[Collection entries]
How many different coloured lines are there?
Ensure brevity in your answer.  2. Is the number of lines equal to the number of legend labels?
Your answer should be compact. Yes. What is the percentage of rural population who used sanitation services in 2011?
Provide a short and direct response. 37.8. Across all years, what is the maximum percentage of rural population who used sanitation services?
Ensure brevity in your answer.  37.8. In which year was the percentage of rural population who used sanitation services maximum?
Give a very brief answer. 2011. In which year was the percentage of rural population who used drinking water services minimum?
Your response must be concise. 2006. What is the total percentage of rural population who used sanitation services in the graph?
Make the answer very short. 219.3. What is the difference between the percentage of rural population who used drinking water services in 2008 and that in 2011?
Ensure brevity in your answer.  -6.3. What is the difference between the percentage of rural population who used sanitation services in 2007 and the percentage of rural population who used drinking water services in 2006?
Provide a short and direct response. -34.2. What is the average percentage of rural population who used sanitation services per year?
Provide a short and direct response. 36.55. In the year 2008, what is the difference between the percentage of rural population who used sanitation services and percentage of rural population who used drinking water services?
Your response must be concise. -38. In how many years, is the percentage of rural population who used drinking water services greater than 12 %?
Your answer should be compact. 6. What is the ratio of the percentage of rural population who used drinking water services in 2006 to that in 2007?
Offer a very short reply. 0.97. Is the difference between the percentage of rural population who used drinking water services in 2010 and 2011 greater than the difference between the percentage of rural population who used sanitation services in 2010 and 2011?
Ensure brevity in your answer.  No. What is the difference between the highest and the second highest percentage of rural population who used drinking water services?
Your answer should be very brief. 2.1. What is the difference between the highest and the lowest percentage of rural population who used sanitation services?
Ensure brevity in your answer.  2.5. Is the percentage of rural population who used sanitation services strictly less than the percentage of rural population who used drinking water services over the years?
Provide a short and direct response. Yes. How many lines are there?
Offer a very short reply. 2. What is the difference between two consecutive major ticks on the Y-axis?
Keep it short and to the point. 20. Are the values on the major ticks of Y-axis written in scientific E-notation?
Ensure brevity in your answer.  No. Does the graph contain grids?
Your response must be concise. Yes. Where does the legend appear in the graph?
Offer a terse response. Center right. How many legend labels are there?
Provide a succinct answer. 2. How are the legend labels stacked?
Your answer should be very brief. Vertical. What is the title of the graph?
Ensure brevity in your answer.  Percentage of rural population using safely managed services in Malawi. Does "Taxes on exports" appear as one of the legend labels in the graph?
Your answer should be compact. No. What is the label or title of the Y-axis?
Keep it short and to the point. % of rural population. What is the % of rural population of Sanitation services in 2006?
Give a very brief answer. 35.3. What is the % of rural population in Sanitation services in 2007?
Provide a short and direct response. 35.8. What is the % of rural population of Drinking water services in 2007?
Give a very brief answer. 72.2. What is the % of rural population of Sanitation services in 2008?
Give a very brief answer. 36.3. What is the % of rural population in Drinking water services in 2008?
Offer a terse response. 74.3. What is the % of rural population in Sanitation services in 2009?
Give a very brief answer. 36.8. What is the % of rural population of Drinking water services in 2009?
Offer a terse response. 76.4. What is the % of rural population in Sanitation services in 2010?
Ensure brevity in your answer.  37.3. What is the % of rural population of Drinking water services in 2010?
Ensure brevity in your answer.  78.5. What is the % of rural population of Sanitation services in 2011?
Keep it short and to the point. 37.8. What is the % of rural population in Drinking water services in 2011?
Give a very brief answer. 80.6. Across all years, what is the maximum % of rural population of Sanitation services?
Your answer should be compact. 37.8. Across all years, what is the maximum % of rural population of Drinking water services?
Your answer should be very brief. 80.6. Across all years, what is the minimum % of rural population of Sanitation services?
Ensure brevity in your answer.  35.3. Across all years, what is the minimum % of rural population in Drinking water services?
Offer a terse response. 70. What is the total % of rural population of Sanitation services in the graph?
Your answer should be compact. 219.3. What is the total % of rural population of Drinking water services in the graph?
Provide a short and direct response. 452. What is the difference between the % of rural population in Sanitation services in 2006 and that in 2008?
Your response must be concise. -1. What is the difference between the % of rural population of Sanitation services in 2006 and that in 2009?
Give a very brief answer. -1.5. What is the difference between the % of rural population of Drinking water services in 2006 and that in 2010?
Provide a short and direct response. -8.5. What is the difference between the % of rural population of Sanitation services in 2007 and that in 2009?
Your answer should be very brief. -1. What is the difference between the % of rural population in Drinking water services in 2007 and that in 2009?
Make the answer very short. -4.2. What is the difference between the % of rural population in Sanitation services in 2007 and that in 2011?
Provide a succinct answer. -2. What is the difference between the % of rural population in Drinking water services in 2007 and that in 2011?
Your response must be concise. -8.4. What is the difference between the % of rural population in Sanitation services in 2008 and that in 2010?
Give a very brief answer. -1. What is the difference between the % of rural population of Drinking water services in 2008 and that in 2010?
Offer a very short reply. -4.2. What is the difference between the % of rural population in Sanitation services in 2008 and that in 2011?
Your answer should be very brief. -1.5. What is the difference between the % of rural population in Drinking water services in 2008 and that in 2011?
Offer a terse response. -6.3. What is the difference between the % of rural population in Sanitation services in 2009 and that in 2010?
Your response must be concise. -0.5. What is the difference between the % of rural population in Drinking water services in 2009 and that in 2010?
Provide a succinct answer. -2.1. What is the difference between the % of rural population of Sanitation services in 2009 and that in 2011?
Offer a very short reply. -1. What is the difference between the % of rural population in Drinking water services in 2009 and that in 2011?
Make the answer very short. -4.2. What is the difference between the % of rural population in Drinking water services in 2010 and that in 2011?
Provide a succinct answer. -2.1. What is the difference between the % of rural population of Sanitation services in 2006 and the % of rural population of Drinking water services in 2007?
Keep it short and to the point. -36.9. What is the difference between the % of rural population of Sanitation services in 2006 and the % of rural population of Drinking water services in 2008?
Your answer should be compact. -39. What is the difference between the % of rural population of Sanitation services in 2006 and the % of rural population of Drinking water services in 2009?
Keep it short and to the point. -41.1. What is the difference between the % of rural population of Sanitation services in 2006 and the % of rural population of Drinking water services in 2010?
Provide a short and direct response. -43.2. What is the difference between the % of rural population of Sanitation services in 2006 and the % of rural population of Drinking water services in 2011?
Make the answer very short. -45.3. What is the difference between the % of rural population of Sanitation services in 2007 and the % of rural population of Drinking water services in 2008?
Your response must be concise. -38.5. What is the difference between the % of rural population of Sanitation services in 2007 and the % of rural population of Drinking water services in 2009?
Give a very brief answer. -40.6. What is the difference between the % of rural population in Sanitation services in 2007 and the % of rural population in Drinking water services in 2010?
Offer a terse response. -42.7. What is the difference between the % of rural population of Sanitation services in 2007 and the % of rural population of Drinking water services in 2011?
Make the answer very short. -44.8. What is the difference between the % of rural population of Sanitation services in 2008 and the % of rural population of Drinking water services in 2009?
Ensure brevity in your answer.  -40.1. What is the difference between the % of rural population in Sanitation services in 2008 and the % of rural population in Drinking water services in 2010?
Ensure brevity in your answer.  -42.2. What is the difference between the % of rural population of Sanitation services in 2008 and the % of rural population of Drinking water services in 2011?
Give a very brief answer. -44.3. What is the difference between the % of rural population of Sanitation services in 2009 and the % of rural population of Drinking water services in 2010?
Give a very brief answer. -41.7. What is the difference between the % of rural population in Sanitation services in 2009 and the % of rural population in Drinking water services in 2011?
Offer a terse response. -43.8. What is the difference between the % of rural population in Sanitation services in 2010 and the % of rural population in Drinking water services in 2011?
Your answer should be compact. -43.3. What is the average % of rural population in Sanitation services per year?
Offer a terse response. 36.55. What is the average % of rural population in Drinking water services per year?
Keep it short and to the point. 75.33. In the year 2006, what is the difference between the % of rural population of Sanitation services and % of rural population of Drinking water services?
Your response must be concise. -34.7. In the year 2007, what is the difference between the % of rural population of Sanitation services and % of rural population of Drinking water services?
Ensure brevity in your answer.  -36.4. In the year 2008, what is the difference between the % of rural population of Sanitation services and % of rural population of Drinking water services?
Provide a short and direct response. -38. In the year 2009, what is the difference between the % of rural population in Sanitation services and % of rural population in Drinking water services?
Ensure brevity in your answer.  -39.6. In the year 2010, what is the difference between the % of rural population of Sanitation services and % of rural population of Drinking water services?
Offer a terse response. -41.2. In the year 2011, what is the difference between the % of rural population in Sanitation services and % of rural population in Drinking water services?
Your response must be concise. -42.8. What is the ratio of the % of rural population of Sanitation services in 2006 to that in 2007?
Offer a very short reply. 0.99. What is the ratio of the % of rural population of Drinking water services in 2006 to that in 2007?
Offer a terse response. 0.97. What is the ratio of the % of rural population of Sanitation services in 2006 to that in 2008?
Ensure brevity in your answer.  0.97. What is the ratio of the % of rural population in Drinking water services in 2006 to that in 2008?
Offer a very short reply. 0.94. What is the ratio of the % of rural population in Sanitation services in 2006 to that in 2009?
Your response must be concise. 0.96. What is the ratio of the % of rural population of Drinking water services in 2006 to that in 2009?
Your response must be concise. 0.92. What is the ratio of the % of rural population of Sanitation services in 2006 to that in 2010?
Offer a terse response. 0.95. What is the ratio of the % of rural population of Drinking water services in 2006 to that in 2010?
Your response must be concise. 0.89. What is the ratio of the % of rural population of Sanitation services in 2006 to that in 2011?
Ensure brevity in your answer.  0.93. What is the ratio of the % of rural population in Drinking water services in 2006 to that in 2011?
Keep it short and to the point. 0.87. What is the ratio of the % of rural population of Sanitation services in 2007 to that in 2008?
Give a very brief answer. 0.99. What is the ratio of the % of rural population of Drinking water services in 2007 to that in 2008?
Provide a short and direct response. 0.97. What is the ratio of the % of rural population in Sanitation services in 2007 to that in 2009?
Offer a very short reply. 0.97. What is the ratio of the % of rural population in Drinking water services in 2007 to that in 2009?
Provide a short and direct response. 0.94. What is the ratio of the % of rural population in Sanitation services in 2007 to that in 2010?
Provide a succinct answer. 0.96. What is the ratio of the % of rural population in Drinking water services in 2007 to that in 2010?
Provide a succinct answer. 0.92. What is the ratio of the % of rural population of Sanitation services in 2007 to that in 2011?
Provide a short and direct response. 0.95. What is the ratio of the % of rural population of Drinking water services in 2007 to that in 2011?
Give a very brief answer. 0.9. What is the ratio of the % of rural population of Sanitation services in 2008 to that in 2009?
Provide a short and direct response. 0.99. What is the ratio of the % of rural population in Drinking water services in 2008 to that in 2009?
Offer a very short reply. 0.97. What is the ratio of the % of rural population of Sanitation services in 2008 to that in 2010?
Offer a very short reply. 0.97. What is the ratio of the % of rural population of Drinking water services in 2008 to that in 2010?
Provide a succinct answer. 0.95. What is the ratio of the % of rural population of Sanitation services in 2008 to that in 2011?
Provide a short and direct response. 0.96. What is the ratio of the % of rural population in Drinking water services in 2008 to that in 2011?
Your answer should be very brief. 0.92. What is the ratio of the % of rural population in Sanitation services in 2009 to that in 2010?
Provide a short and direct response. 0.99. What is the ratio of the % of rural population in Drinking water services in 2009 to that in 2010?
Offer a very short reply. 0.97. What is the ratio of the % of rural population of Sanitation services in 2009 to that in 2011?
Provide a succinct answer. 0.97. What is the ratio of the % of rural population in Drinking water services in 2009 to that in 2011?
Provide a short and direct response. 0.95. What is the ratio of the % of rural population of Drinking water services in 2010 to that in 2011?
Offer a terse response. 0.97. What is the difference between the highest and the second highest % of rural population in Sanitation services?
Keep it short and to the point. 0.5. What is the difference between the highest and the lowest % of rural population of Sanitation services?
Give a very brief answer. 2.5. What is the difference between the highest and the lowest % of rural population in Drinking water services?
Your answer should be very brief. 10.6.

**Task details**. Report each line of the records that holds the word "second".

**Finished task**.
Ensure brevity in your answer.  No. What is the difference between the highest and the second highest percentage of rural population who used drinking water services?
Offer a terse response. 0.97. What is the difference between the highest and the second highest % of rural population in Sanitation services?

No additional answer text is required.